暮色将临。
金丝檀木马车碾过碎石路,缓缓停在邙阴坞村口。
车帘微动,萧砚率先下车。
身着烟粉罗裙的宋一,紧跟着下了车。
碧珠碧纱覆面,掀开窗帘张望,并未离开马车。
六品塑神境的宋一,褪去文会时的娇柔,神色间多了几分警惕。
她目光扫过村落,眼底掠过一丝凝重。
“君侯,萧潇要在此处突破风水师?”
邙阴坞坐落在山脚,是一片早已废弃的破败村落。
断垣残壁歪歪斜斜,墙上爬满枯黑的藤蔓。
叶片干瘪发黑,毫无生机。
和河水流过的南山村不同,这里死气沉沉。
空气中弥漫着浓重的阴气,似有形无质的黑雾,在村落上空盘旋缭绕。
偶有几声不知名的异响,从村深处传来。
一阵阴风吹过,透着说不出的诡异。
萧砚颔首:“这里是名副其实的风水凶地。”
“五十年前,一场大疫席卷此地,村民无一生还。”
“怨气与阴气交织,日积月累,便成了连虫蚁都极少涉足的绝境。”
宋一轻声声开口,声音中带着几分不易察觉的担忧。
“此地的阴气,比传闻中更重。”
“萧潇还不到八岁,这般凶地,真能顺利改造?”
马车中的碧珠微微颔首,眸光扫过村落。
“阴气郁结过深,待会儿起局时,本座会在此地坐镇。”
萧砚笑道:“四品道宫境护法?多谢圣女了。”
“有我和苍宝在,定能护好萧潇。”
“今日是她突破八品风水师的关键,邙阴坞的凶地最合适不过了。”
话音刚落,远处便传来马蹄与车轮滚动的声响。
一辆马车从南山脚下缓缓驶来,径直停在村落附近。
车帘被白嫩嫩的小手掀开,青色身影蹦蹦跳跳地下车。
落地时,萧潇还激动地蹦了几下。
萧潇身着浅青色的小术士袍,衣摆绣着细碎的罗盘纹路。
领口系着紫色的丝带,衬得她粉雕玉琢的脸蛋愈发白皙透亮。
一双圆溜溜的大眼睛,黑葡萄似的,透着机灵与自信。
长长的睫毛轻轻颤动,眼神清亮,一副小大人的模样。
她双目放出淡淡蓝光,扫视着眼前的凶地。
“这便是萧氏女郎突破八品的凶地了!”
“大凶之地,看本术士将你改造成福地!”
她腰间系着一个巴掌大的青铜罗盘。
罗盘指针微微转动,隐隐有灵光闪烁。
这是诸葛柳蘅离开前,特意为她炼制的风水法器。
罗盘质地精良,能精准感应风水气流。
萧潇刚落地,圆滚滚的苍宝也滚下了马车。
它浑身绒毛蓬松柔软,黑眸明亮,四肢粗壮。
落地后,她立刻挡在萧潇身前,对着邙阴坞的方向龇了龇牙。
“嗷呜!”
苍宝警惕地盯着村中弥漫的阴气,一副护主心切的模样。
紫鸢从马车上走下,身着淡紫色长裙。
她身姿温婉,脸上带着温柔的笑意,快步走到萧潇身边。
“萧潇,慢点跑。”
“邙阴坞阴气重,待会儿起局时,若有不适,立刻我们,莫要逞强。
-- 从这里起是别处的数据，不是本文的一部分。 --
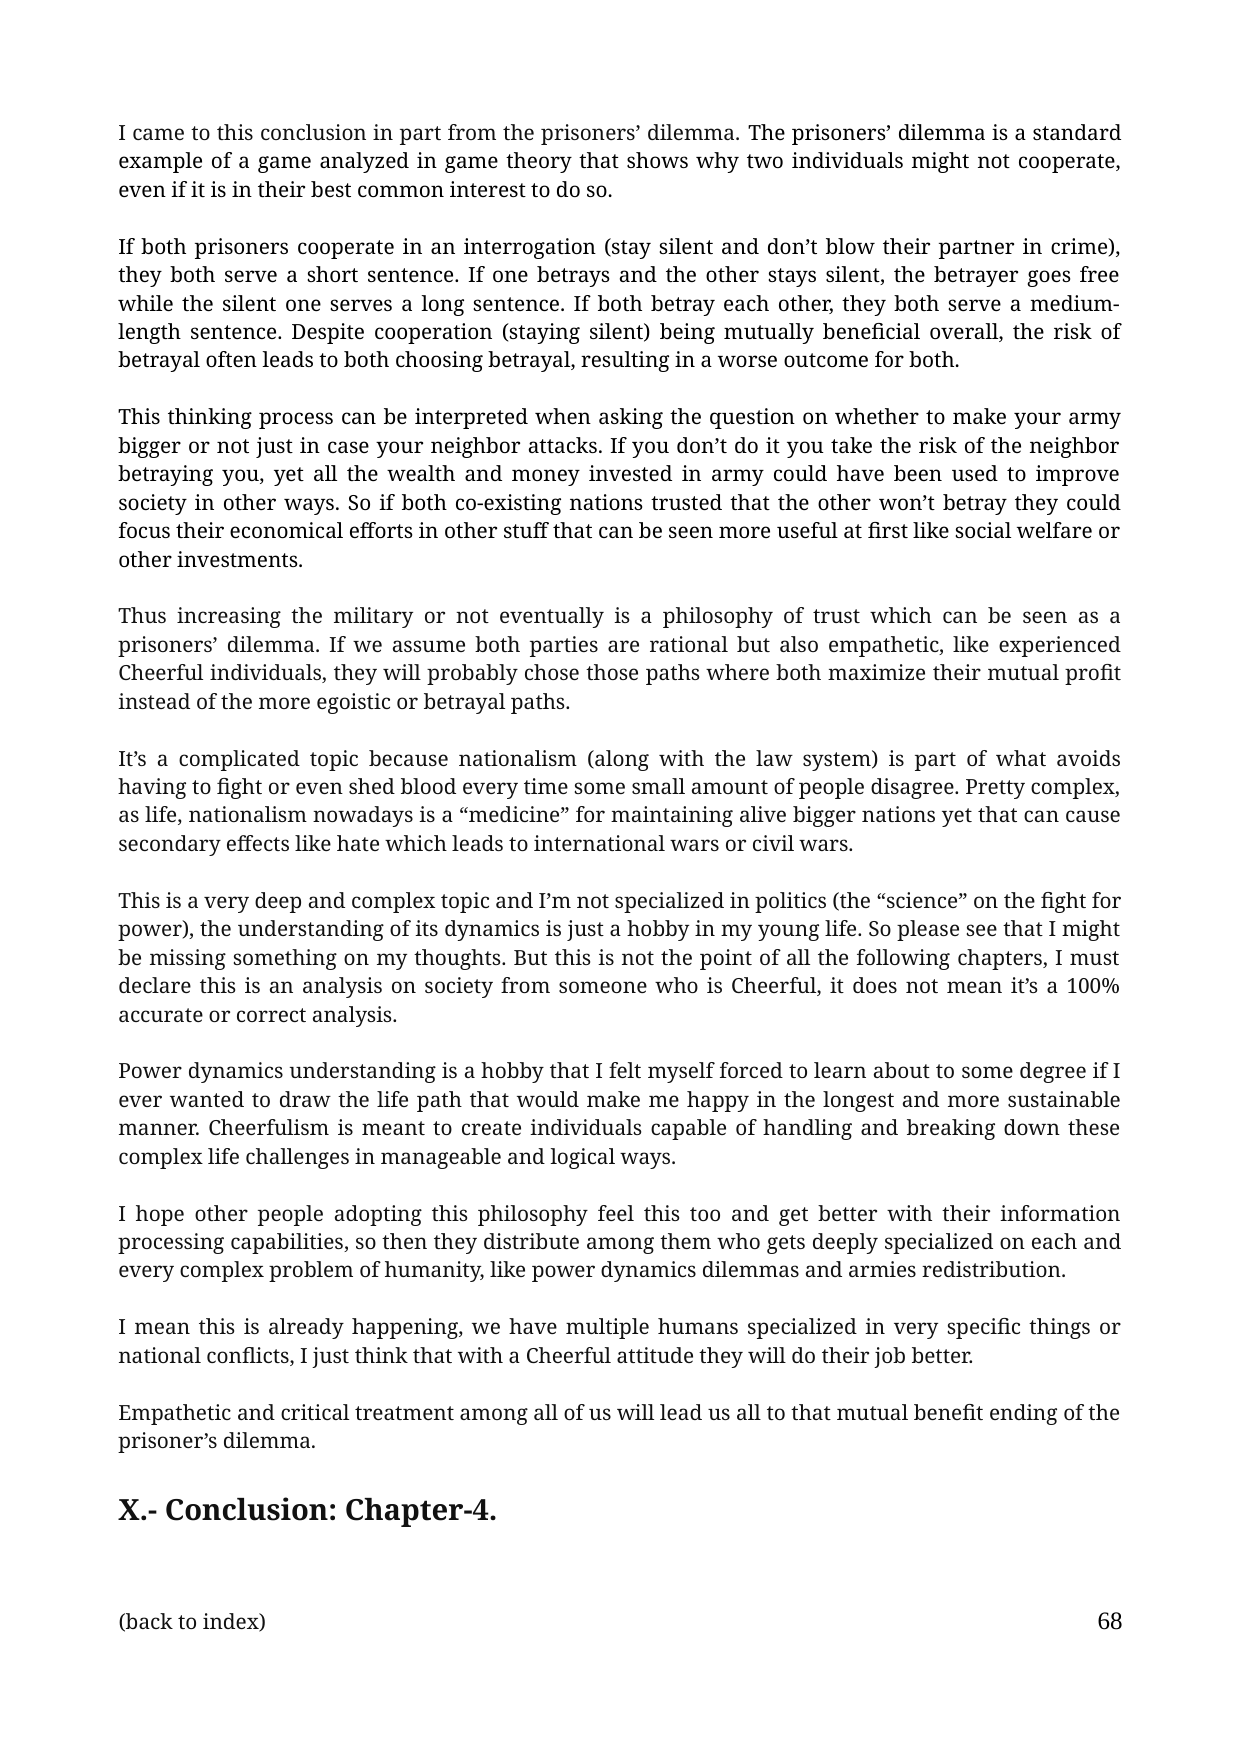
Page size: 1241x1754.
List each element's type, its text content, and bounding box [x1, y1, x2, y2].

text I mean this is already happening, we have multiple humans specialized in very specific things or national conflicts, I just think that with a Cheerful attitude they will do their job better. [118, 1312, 1122, 1369]
text Power dynamics understanding is a hobby that I felt myself forced to learn about to some degree if I ever wanted to draw the life path that would make me happy in the longest and more sustainable manner. Cheerfulism is meant to create individuals capable of handling and breaking down these complex life challenges in manageable and logical ways. [118, 1057, 1122, 1170]
text This is a very deep and complex topic and I’m not specialized in politics (the “science” on the fight for power), the understanding of its dynamics is just a hobby in my young life. So please see that I might be missing something on my thoughts. But this is not the point of all the following chapters, I must declare this is an analysis on society from someone who is Cheerful, it does not mean it’s a 100% accurate or correct analysis. [118, 886, 1122, 1028]
text This thinking process can be interpreted when asking the question on whether to make your army bigger or not just in case your neighbor attacks. If you don’t do it you take the risk of the neighbor betraying you, yet all the wealth and money invested in army could have been used to improve society in other ways. So if both co-existing nations trusted that the other won’t betray they could focus their economical efforts in other stuff that can be seen more useful at first like social welfare or other investments. [118, 402, 1122, 573]
text It’s a complicated topic because nationalism (along with the law system) is part of what avoids having to fight or even shed blood every time some small amount of people disagree. Pretty complex, as life, nationalism nowadays is a “medicine” for maintaining alive bigger nations yet that can cause secondary effects like hate which leads to international wars or civil wars. [118, 744, 1122, 857]
text If both prisoners cooperate in an interrogation (stay silent and don’t blow their partner in crime), they both serve a short sentence. If one betrays and the other stays silent, the betrayer goes free while the silent one serves a long sentence. If both betray each other, they both serve a medium-length sentence. Despite cooperation (staying silent) being mutually beneficial overall, the risk of betrayal often leads to both choosing betrayal, resulting in a worse outcome for both. [118, 232, 1122, 374]
text I hope other people adopting this philosophy feel this too and get better with their information processing capabilities, so then they distribute among them who gets deeply specialized on each and every complex problem of humanity, like power dynamics dilemmas and armies redistribution. [118, 1199, 1122, 1284]
text X.- Conclusion: Chapter-4. [118, 1489, 1122, 1528]
text Empathetic and critical treatment among all of us will lead us all to that mutual benefit ending of the prisoner’s dilemma. [118, 1398, 1122, 1455]
text I came to this conclusion in part from the prisoners’ dilemma. The prisoners’ dilemma is a standard example of a game analyzed in game theory that shows why two individuals might not cooperate, even if it is in their best common interest to do so. [118, 118, 1122, 203]
text Thus increasing the military or not eventually is a philosophy of trust which can be seen as a prisoners’ dilemma. If we assume both parties are rational but also empathetic, like experienced Cheerful individuals, they will probably chose those paths where both maximize their mutual profit instead of the more egoistic or betrayal paths. [118, 602, 1122, 715]
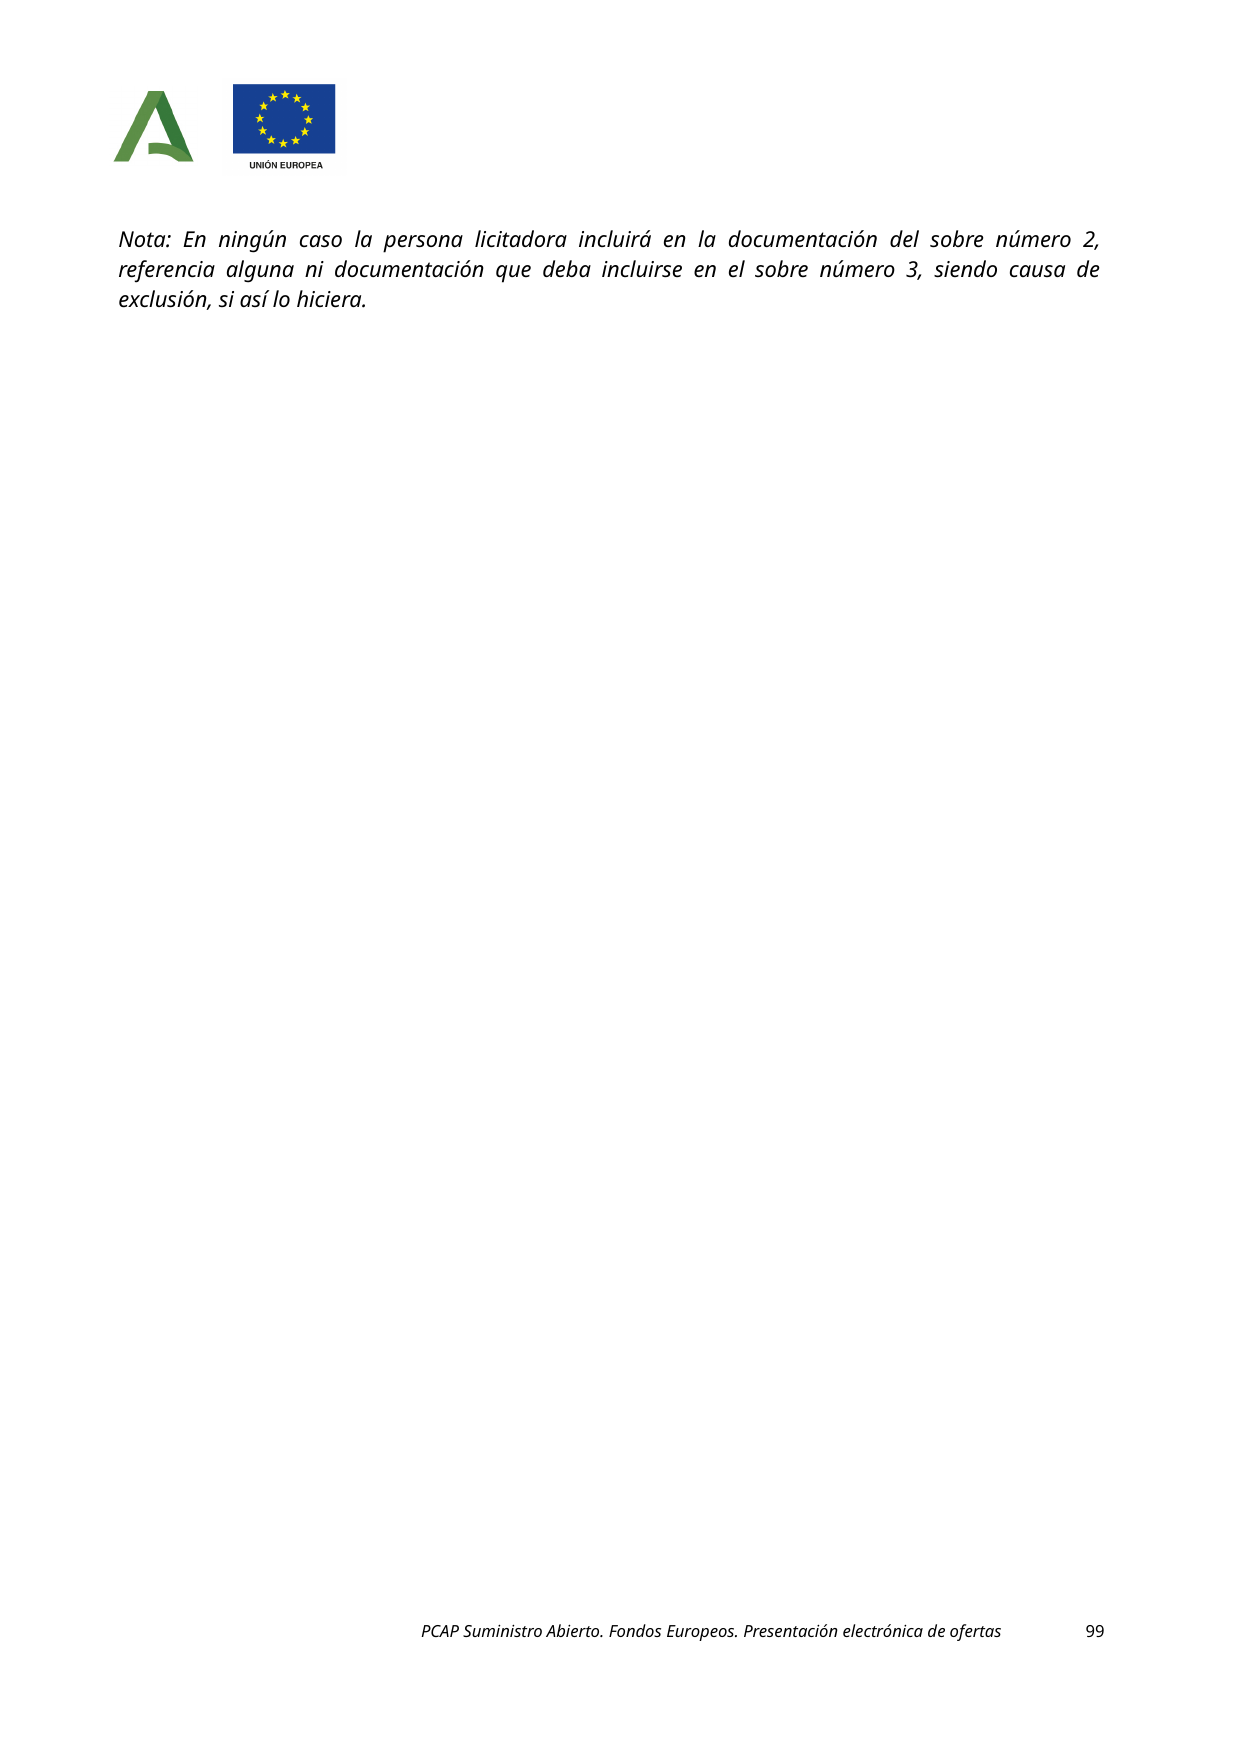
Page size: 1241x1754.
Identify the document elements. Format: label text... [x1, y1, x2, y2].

picture [221, 78, 347, 176]
picture [109, 86, 198, 166]
text Nota: En ningún caso la persona licitadora incluirá en la documentación del sobre número 2, referencia alguna ni documentación que deba incluirse en el sobre número 3, siendo causa de exclusión, si así lo hiciera. [118, 224, 1104, 313]

”
萧潇仰着小脸,拍了拍自己腰间的罗盘,信心满满。
“婶娘放心,我不逞强,因为我很强!”
紫鸢微笑,这股子气势,倒是和萧砚有些相似。
萧潇是九品术数师,已经学会望气术,看穿万物的气数。
她说着,抬手晃了晃手腕。
袖口的玉符,发出细微的灵光。
周身气流微微紊乱,脚下的杂草竟微微摇曳起来。
这些玉符,是紫鸢从浑天监买来给萧潇防身的。
霍征带着一队绣衣卫,跟在马车后面。
他们身着墨绿和藏青色绣衣,神色肃穆,迅速分散在村落四周。
“君侯大人,绣衣卫已就位,全程护法!”
霍征上前躬身行礼,语气恭敬。
萧砚点了点头,走到萧潇面前,弯腰揉了揉苍宝的头顶。
“苍宝,别紧张。”
他抬手轻拂苍宝的头顶。
一道温和的文气注入,苍宝瞬间放松下来。
“啊——呜!”
苍宝蹭了蹭萧砚的手心,转头蹭了蹭萧潇的小腿,模样温顺了许多。
“萧潇突破八品风水师,要改造邙阴坞的风水,将凶地化为福地。”
“顺利改造之后,萧潇就能成功进阶了。”
萧潇抬起圆溜溜的大眼睛,看着萧砚。
“小叔!”
她小手紧紧攥着腰间的罗盘,语气坚定。
“你都六品了,我也很快就八品了!”
“我已经看过了,邙阴坞气数紊乱。
只要我布置好风水局,就能将它转化为福地!”
接下来,萧潇说了很多,萧砚和宋一都是默默点头。
不插话的原因,是因为他们真的不懂。
在紫鸢和萧潇眼中,能看到村中的气数图谱。
红色的煞气、黑色的戾气、与灰色的怨气交织。
唯有村落中心,有一丝微弱的土黄色元气,若隐若现。
紫鸢眼中闪过一丝赞许,“萧潇,看得不错。”
“八品风水师,要精通勘察山川地势和判断风水吉凶之术。”
“你望气能力已然足够,可以布置小型风水局。”
“布下三奇八门:乙丙丁三奇,休、生、伤、杜、景、死、惊、开八门。”
“然后,用八角形罗盘顺利起局,便算晋阶成功。”
萧潇用力点头,小脸上满是自信。
“紫鸢婶娘放心,我都准备好了!”
萧潇、苍宝、紫鸢和萧砚一起,慢慢走入村子中央。
远处的碎石路上,丹阳公主和庾文君的马车悄悄停着。
“殿下,三奇八门,就是奇门吗?”
对于庾文君的疑问,丹阳公主道:“不错,就是紫鸢说的三奇八门。”
庾文君又问:“乙丙丁三奇,那甲呢?”
丹阳公主眉眼含笑:“甲是天干之首,是至尊之位。”
“既然是至尊,那当然要藏起来了。”
“最重要的至尊藏起来,这就是遁甲。”
“文君,这就是奇门遁甲了!”
“哦哦。”庾文君又道:“那为什么术士只学奇门,不学遁甲?”
丹阳公主道:“因为失传了……嗯,这么说不对。”
“老师建立术士体系,用古老相传的奇门感应天地,创立了奇门术法。”
“但是遁甲术呢,无法创立术法,自然无法修炼。”
“哦,那为什么无法创立术法呢?”庾文君又问。
丹阳公主瞪了庾文君一眼。
“文君,你好烦啊,问题没完没了。”
“殿下不知道啊,那我不问了。”
“文君,你!”
“那我接着问?”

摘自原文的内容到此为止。